Mevlânâ kitâbî ilimler sâhasında o günün usullerine göre iyi bir medrese öğrenimi gördü. Eserlerinden açıkça anlaşılan şudur: O Kur’an Hadis, Tefsir, Kelâm gibi dînî ilimlerde; felsefe, mantık, astronomi alanlarında ciddî bir birikime sâhiptir. Halep ve Şam medreselerinde devrinin ileri gelen hocalarından ders almıştır. Ama Mevlânâ’yı öne çıkaran asıl yönü onun tasavvufî cephesidir.

Tasavvufun tariflerinden biri şöyledir: “Tasavvufun evveli ilim, ortası amel, sonu mevhibedir.” Bu târifte “ilim” deyince ilk hatıra gelen dînî ilimlerdir. Buna ilâve olarak tasavvuf nazariyâtını konu edinen eserler de vardır. “Tasavvuf bir kal ilmi değil hâl ilmidir” diye nitelenir. Ancak o alana âit bir hayli kitap yazılmıştır. İşte “ilim” safhası olan bu ilk merhalede o kitapların da mütâlaası gerekir. Nitekim Celâleddin’in babasına âit Makalât adlı eseri bizzat kendisinden okuduğu bilinir. Daha sonra aynı kitabı bir kere de Seyyid Burhâneddin’le birlikte okuyacaktır.

Tasavvuf eğitim-öğretiminde ikinci merhale “amel” idi. Yâni öğrenilen şeylerin uygulanması, yaşanır hâle getirilmesi; bir başka ifâdeyle hâl edinilmesi. Bu önemli bir safhadır. Bilmek iyi bir şeydir, ama bilinenler uygulanmadığı takdirde, kişiye bir fayda sağlamaz. Konu tasavvuf olunca uygulama daha bir önem taşır. “Bildiği ile amel edene Allah bilmediğini de verir.”

Tasavvufun amel/uygulama safhası başka ilim dallarına göre daha zor ve zahmetlidir. Amel’in yoğunlaştırılmış şekilleri vardır. Bu noktada çok çetin riyâzet ve mücâhedeler söz konusudur. Rûhun bedene, mânânın maddeye galip gelebilmesi için ciddi perhizler, iç mücâdeleleri gerekir. Ham iken pişmek bu safhada olur. Büyük sûfîlerin hepsinde, uzun veya kısa böyle bir devre vardır. İşte Mevlânâ’nın mânevî eğitiminin bu safhasında, Seyyid Burhâneddin’in devreye girdiğini görürüz.

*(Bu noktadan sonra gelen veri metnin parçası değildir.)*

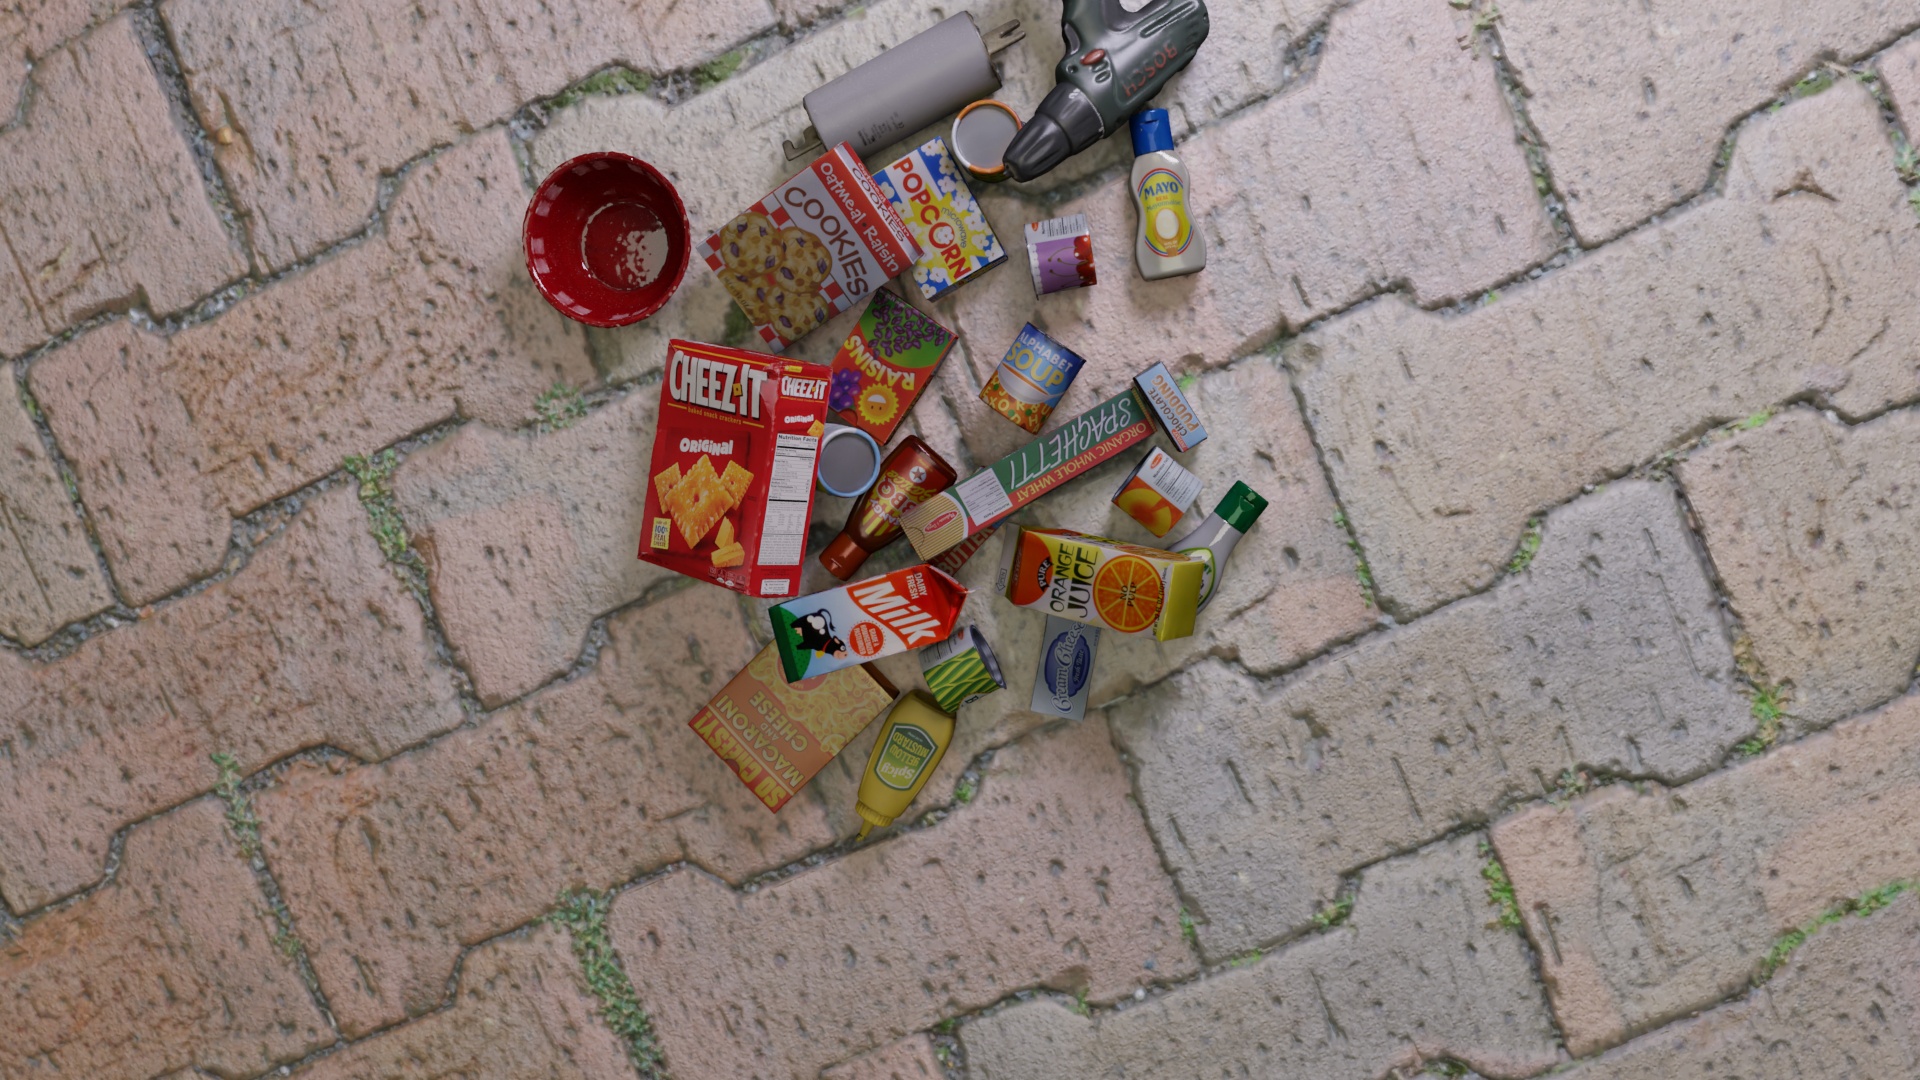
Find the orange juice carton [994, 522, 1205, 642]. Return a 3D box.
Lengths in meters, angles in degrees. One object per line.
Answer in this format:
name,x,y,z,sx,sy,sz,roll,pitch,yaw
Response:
orange juice carton,0.117,0.034,1.264,0.193,0.073,0.071,13,98,32

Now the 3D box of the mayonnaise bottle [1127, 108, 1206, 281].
mayonnaise bottle,0.182,-0.313,1.259,0.065,0.041,0.148,-10,95,9

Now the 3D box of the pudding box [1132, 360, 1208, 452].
pudding box,0.192,-0.123,1.272,0.030,0.050,0.083,-32,92,7

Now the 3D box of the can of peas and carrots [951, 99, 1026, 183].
can of peas and carrots,0.029,-0.363,1.262,0.071,0.059,0.071,1,96,6

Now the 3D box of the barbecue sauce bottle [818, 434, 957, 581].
barbecue sauce bottle,-0.073,-0.027,1.312,0.065,0.044,0.148,41,98,-6

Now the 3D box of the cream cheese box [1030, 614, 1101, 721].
cream cheese box,0.101,0.116,1.317,0.053,0.024,0.103,10,97,6

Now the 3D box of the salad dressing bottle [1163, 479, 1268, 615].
salad dressing bottle,0.225,0.012,1.285,0.064,0.044,0.147,38,98,2

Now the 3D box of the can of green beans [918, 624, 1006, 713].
can of green beans,0.001,0.121,1.307,0.058,0.071,0.071,-28,92,9

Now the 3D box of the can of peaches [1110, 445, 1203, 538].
can of peaches,0.180,-0.043,1.275,0.058,0.071,0.071,38,98,1

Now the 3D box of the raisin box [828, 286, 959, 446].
raisin box,-0.070,-0.163,1.301,0.086,0.040,0.123,35,99,1

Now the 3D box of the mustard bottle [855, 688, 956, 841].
mustard bottle,-0.061,0.224,1.332,0.065,0.049,0.160,27,97,4

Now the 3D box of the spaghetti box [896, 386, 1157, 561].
spaghetti box,0.062,-0.061,1.281,0.250,0.028,0.050,-29,91,-2

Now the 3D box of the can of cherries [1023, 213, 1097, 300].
can of cherries,0.092,-0.258,1.264,0.058,0.071,0.071,-10,95,6

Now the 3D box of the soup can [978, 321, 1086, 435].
soup can,0.065,-0.148,1.272,0.071,0.071,0.083,34,98,2

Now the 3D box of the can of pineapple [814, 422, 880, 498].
can of pineapple,-0.114,-0.073,1.292,0.071,0.058,0.071,-5,101,-26

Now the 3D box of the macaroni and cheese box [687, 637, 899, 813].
macaroni and cheese box,-0.162,0.162,1.340,0.166,0.040,0.124,-44,89,7

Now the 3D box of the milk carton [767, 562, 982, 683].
milk carton,-0.072,0.069,1.273,0.191,0.072,0.073,-16,90,1

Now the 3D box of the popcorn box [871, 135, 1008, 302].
popcorn box,-0.023,-0.296,1.284,0.085,0.038,0.126,-29,92,8

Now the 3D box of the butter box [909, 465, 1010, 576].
butter box,0.005,-0.016,1.315,0.053,0.024,0.103,43,98,1

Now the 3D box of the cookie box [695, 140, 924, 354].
cookie box,-0.137,-0.265,1.263,0.167,0.040,0.122,-29,108,23
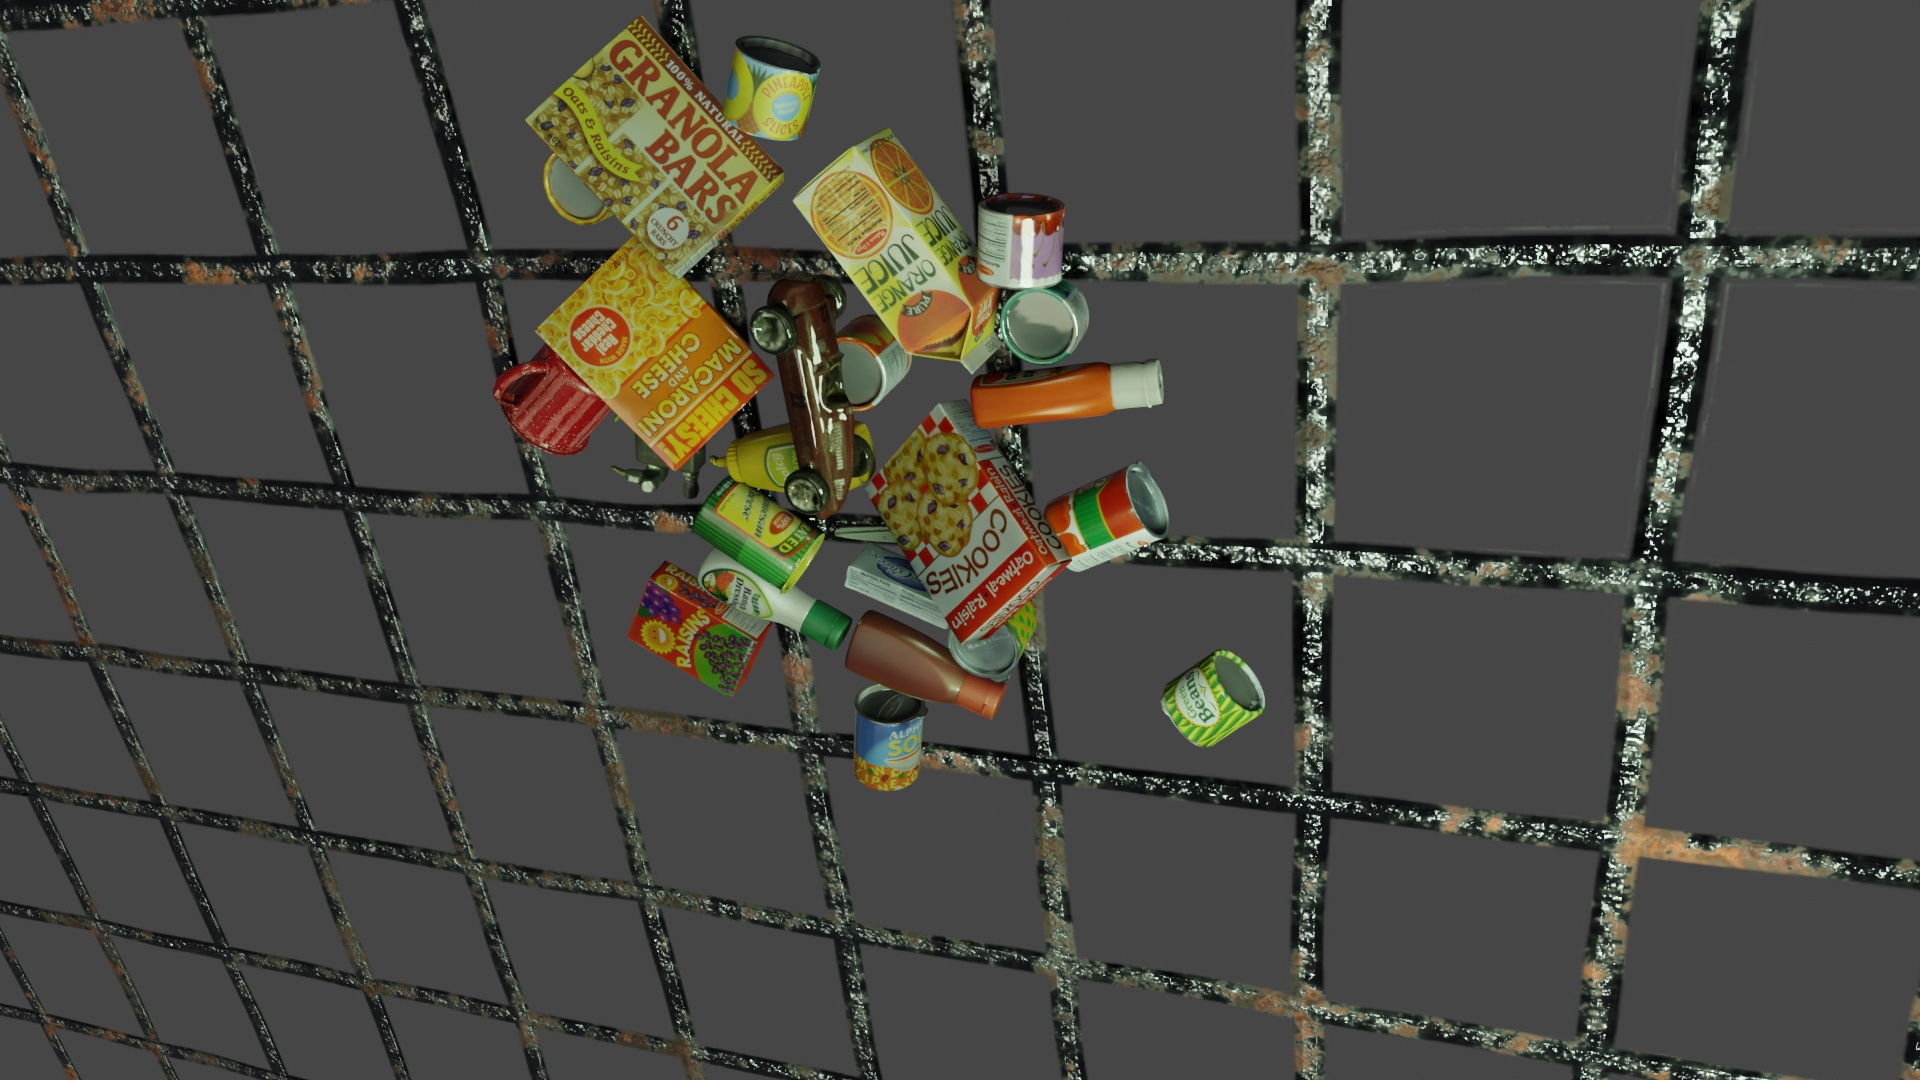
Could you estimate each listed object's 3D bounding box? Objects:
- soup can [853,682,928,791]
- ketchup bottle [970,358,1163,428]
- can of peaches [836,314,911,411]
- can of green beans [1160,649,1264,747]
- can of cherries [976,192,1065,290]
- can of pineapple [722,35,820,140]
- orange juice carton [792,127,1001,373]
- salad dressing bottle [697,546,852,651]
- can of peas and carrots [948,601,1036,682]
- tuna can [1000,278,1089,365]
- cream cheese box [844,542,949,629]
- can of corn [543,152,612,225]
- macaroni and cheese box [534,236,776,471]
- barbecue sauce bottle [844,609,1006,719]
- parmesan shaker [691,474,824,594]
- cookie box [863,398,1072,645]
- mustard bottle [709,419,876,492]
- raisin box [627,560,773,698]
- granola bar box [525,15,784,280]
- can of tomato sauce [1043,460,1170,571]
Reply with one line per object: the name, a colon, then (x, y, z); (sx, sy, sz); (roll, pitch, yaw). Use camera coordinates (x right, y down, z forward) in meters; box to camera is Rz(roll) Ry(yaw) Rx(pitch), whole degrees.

Kimdi bu zat? Seyyid Burhâneddin Tirmiz’de doğdu. Hz. Hüseyin soyundandır. 1208’de Belh’e gelip Sultânü’l-Ulemâ Bahâeddin’e intisab etti. Bilgiliydi, kısa zamanda mânen ilerlemiş, dirâyet göstermiş ve güven sağlamış olmalı ki Bahâeddin onu oğlu Celâleddin’e lala / atabek olarak görevlendirdi. Lalanın anlamı şu: “Eskiden büyük âilelerde bir çocuğun bakımı, eğitimi, terbiyesi ve yetiştirilmesiyle meşgul olan erkek terbiyeci.”

Seyyid Burhâneddin küçük Celâleddin’i omuzunda taşıyıp dolaştırırdı. Belh’ten göçtüklerinde Mevlânâ’nın beş yaşında olduğunu kabul edersek bu lalalık görevinin üç yıl kadar sürdüğü görülür. İlk temel bilgilerin öğrenilmesi ve şahsiyetin teşekkülünde küçük çocuk için bu devrenin önemi açıktır.

Sultânü’l-Ulemâ ailesi Belh’ten göçünce Seyyid Burhâneddin Tirmiz’e yerleşti. Kendisi riyâzete, özellikle oruca çok önem verirdi. Cezbe ve istiğrak halleri yaşardı. Tasavvufu, bütün ilimlerin zirvesi ve gerçek ilim sayardı. Şatahat türünden sözleri olan, nüktedan ve melâmet neşvesi güçlü bir şahsiyeti. O zâhirde alim ve şeyh, bâtında fakr ve fenâ mertebesinde idi.

Sultanü’l-Ulemâ 628/1231’de vefat etti. O sırada Mevlânâ 24 yaşlarındadır. Babasının yerine geçmesi uygun görülünce ders vermeye başladı. Babasının kaybı ve onun yerini doldurmak ağır bir sorumluluktu. Bunun genç Celâleddin’e sıkıntılı günler yaşattığını söyleyebiliriz.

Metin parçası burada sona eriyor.